The Online Manuscript Editor:
This revolutionary concept has completely erased all other forms of manuscript submission. The OME is a separate software application I wrote to facilitate the composition, editing and submission of scientific manuscripts over the Internet. Authors can either type or paste the content of a new manuscript into a form on the HSF Web site and transmit the data via the Internet to the HSF computers. The server assembles a final draft and requests the authors approval. Corrections can be made over the Web and the approved version is immediately sent to the Editorial Board who can begin the peer review process. There is no other system of its kind anywhere.
Full Color Graphics:
Black and white photographs from surgical cases are rarely useful for publication and instruction. The detail and contrast is poor. Tissue planes and anatomical structures are indistinct. To faithfully represent the surgeons visual perspective, full color imagery is needed. In a traditional journal, this means significant added expense for color separations and printing. Not only does this slow down journal production, but increases the costs which are then passed on to the author. The World Wide Web in combination with distributed CD-ROMs brings an end to the dependency on black and white, line drawings or artists sketches to illustrate what the surgeon sees through his/her eyes at the operating room table. The door is now open to publish multiple full color photographs, charts, graphs, etc in support of the scientific manuscript. Each copy of the HSF printed journal will include a cross-platform multimedia CD-ROM indexed with vivid color graphics for each article in the printed magazine. An icon will be included in the margin near each figure reference to clue the reader to the fact that the image is on the CD-ROM disk. This breakthrough allows the HSF to present color on the Web while distributing the same color graphics to the readership of the print journal without cost to the author.
Selective Emphasis:
Surgeons are scan readers. We berry-pick key information from a larger body of information. Each author knows more about the subject than reader. The HSF encourages authors to emphasize (in bold typeface) points that are key to understanding the manuscript. This draws the readers eyes to the essence of the presentation, which is what most busy surgeons are seeking as they peruse their journals.
Multimedia:
Surgeons are truly visual learners. We can see a procedure performed by someone else and learn nearly everything we need to duplicate that operation. The value of this learning skill is exemplified by the use of videotapes in virtually every cardiothoracic conference held in this era. However, until now there has been no equivalent teaching tool available in our scientific journal. The Video Journal of Cardiothoracic Surgery began this pathway, but the HSF is pioneering a full compendium of information besides the video images. The HSF multimedia journal provides a full scientific manuscript (methods, results, statistical analysis) in conjunction with the video and still color imagery, sound, and real-time diagnostics). For the first time, the scientific basis of a technique as well as the technique itself is published in synchrony and in a way that any surgeon can quickly and clearly assimilate. Affordable computers are now reaching in to every home and the HSF will surely give every surgeon a strong reason to join the technology age in front of the computer screen. By distributing the CD-ROM inside the journal, HSF manuscripts can be viewed simultaneously on screen and on paper. Imagine yourself in front of your office PC with your printed HSF journal opened to a new surgical technique. You are reading the Results section while at the same time reviewing full color movies of the procedure in slow motion, stop frame, or real time.

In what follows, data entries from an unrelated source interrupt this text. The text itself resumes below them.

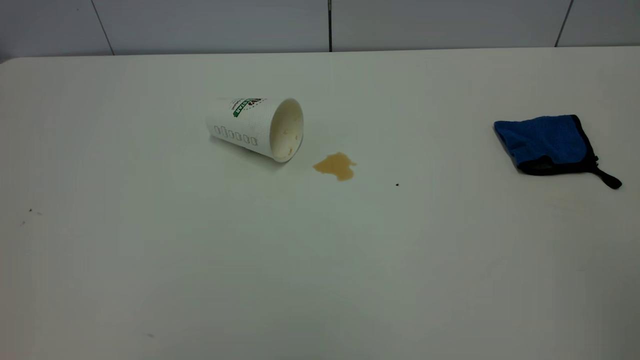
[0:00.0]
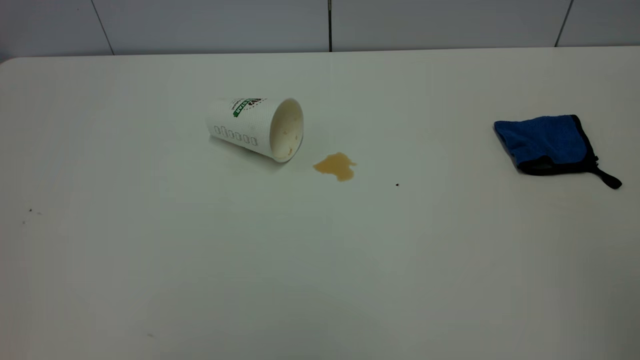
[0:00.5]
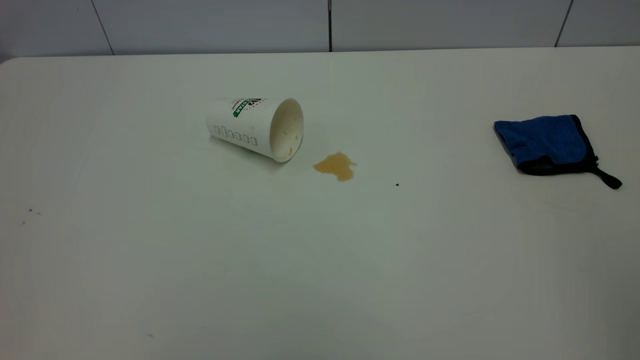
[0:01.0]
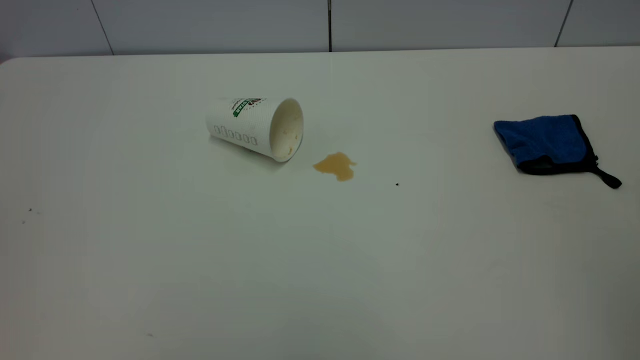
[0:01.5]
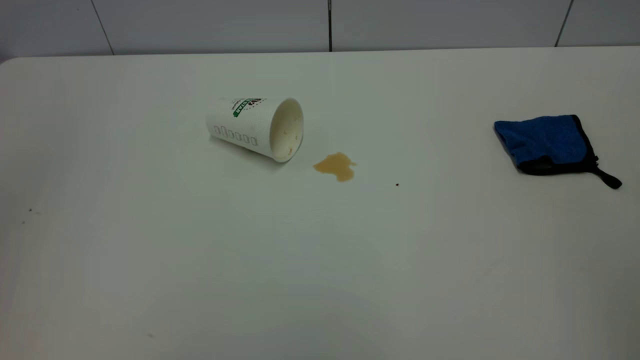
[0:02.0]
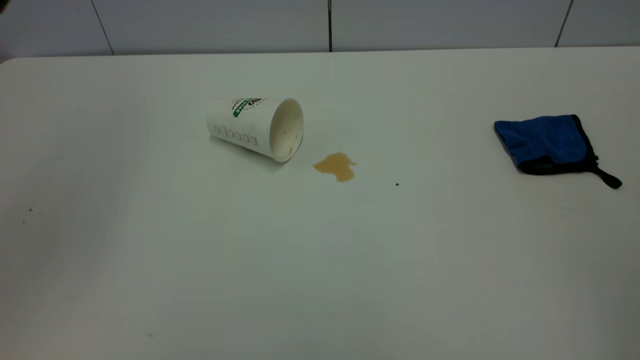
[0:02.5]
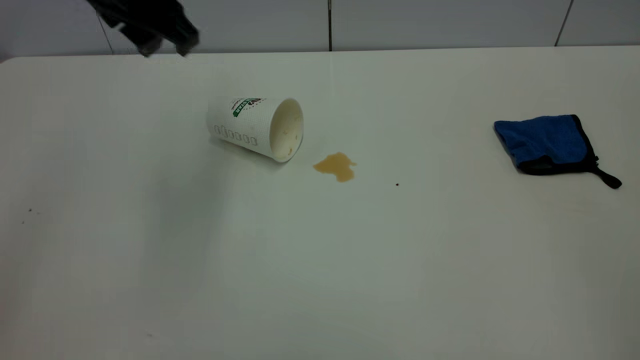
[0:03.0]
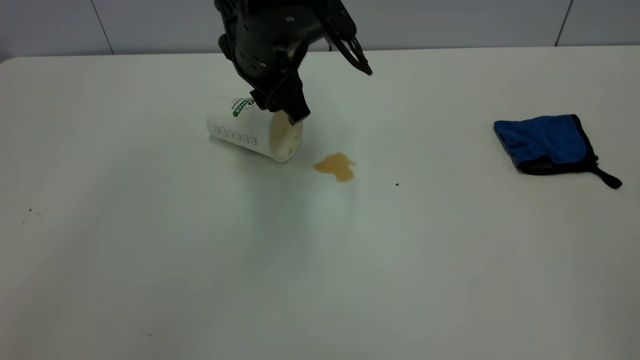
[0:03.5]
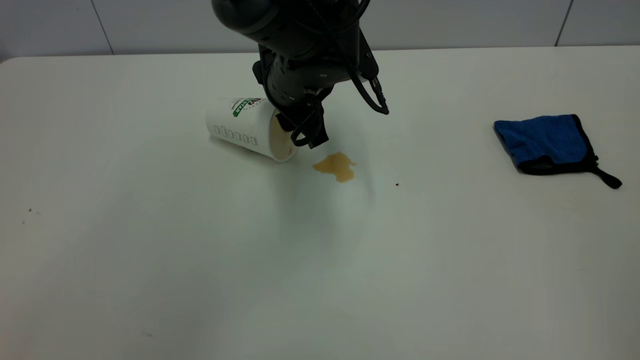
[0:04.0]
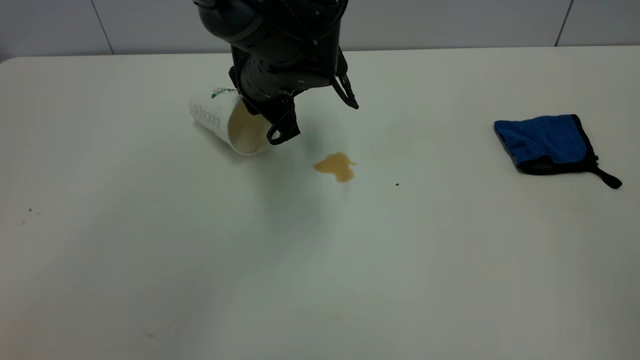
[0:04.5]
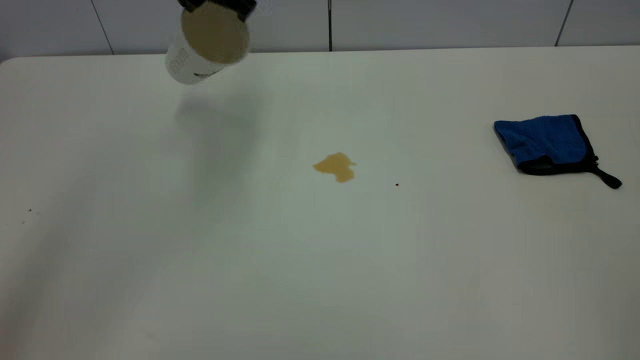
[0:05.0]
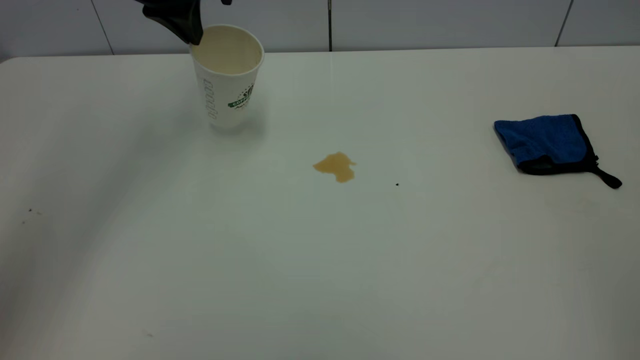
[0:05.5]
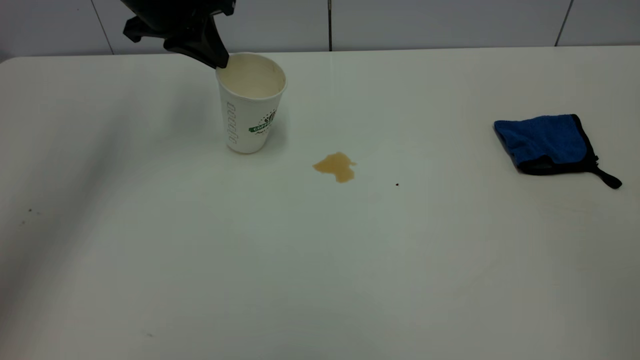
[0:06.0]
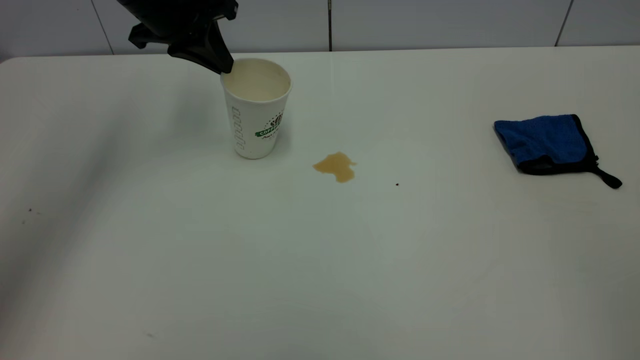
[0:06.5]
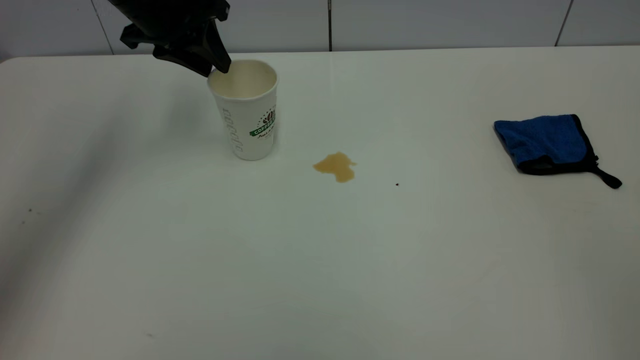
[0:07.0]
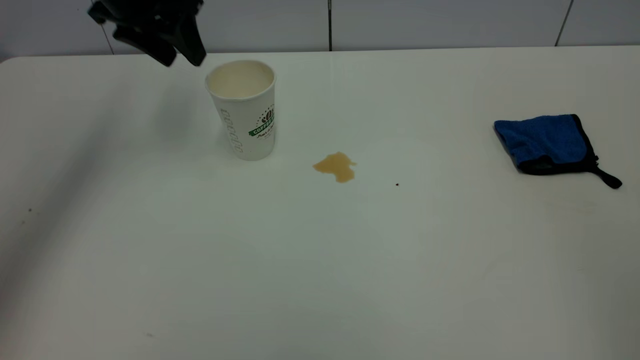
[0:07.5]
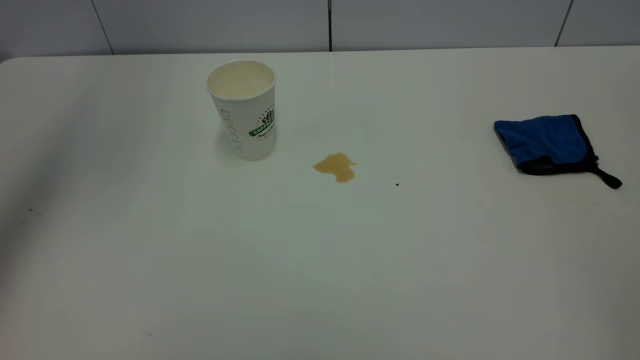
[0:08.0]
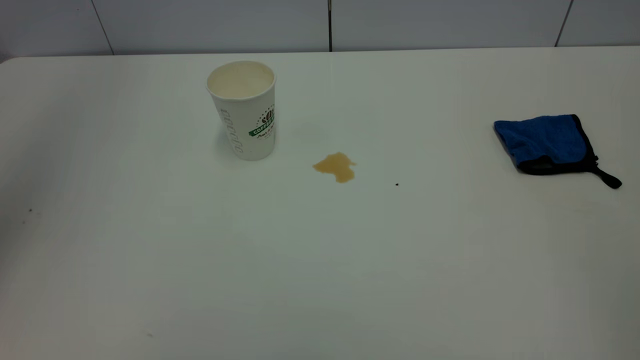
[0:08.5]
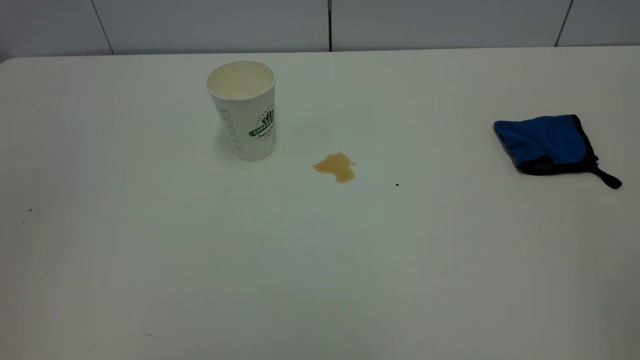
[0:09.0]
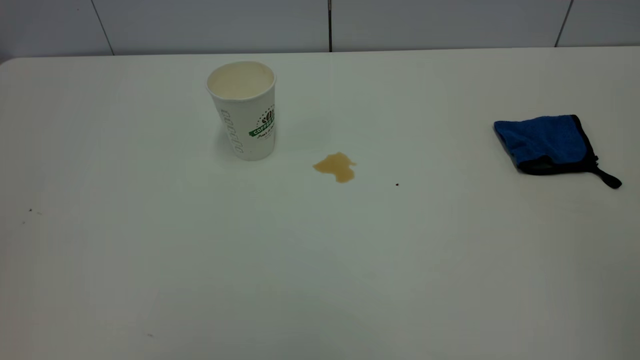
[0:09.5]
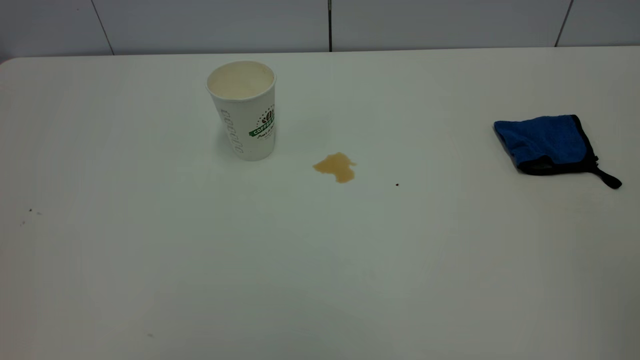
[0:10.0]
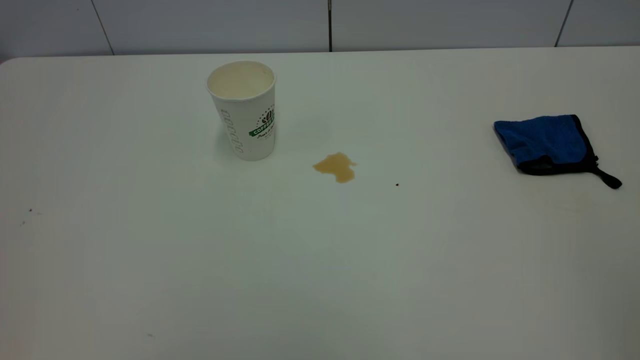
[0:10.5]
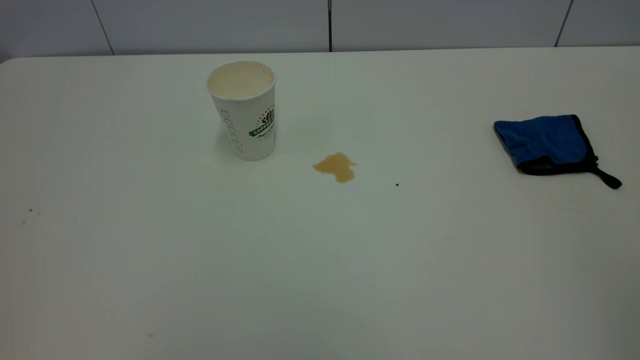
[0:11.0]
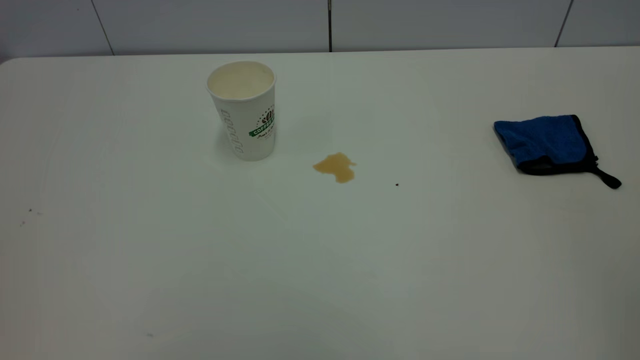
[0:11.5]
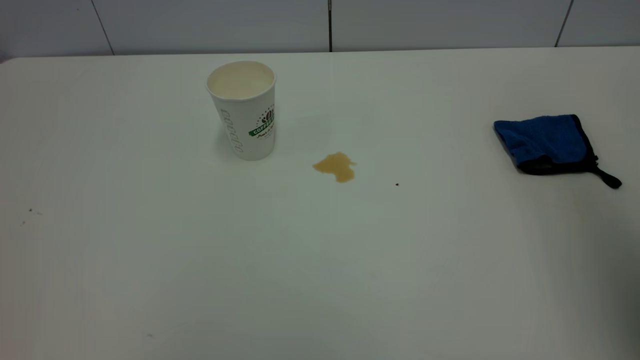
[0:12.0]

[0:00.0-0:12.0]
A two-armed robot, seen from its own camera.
Task of the whole recording: the left gripper pick up the fallen cup and place it upright, the right gripper grasp the blue rag and wipe the tea stain on the table, the right gripper put the blue rag back in its original position.
Step, 0:00.0 to 0:07.0: Stand the paper cup upright.
0:02.0 to 0:04.0: The left gripper travels to the right, downward and forward by about 50 cm.
0:04.0 to 0:06.0: The left gripper is displaced to the left, forward and upward by approximately 20 cm, and closes up.
0:06.0 to 0:08.0: The left gripper goes some 20 cm upward and backward, and opens its fingers.
0:08.0 to 0:10.0: The left gripper moves backward, approximately 40 cm.
0:10.0 to 0:12.0: The right gripper travels forward by roughly 20 cm, and opens up.

Rapid communication with colleagues:
Email message transmit over great distances within seconds. The Internet (and particularly email) erases all geographic and time barriers to communicating with colleagues around the world. Experience with a surgical procedure (or complication) is no longer trapped in one group until published several years later. The OpenHeart-L is an automated email discussion group open to all CT surgeons. At this time, there are nearly 1,600 member sharing clinical cases, problems and solutions with their colleagues on a daily (or hourly) basis. The discussions are an integral part of the services offered by The Heart Surgery Forum[tm]. Many of those cases have subsequently germinated publications on the Web site and the printed journal, but the advice, counsel, and problem solving began with real-time discussions amongst surgical colleagues using email and the OpenHeart-L. There is no other service of its kind. Please join the discussions by sending an email to OpenHeart-L-ON@lists.hsforum.com. Announcements of new articles published in the journal will be disseminated to a global audience of surgeons through this mailing lists. Not only can the HSF shorten the time to publication for any contribution, but the presence of an accepted manuscript will be immediately announced to your colleagues in over 65 countries using the OpenHeart-L.
Reader participation:
Contributions, questions, and criticisms by the readership can be included in the Web version of any HSF article. Space in the "Review and Commentary" section is expandable. There is no longer a need to separate letters to the Editor and the authors response by many months or issues from the original article. The HSF will include these additional valued comments into the "Review and Commentary" section at the end of the original article. This tightens the linkage between the authors and their readership plus adds additional wisdom and value to the article as a whole.
Authors Photographs:
Who are these mysterious people who publish the gold standard concepts of our profession. Have you wondered what they look like or if they are as tangible as your everyday surroundings. The graphical power of the Web has shown that authors speak more to their audience when the readership can see their visage along with their contribution. The human touch that we as physicians know works with our patients also communicates to the readership as well.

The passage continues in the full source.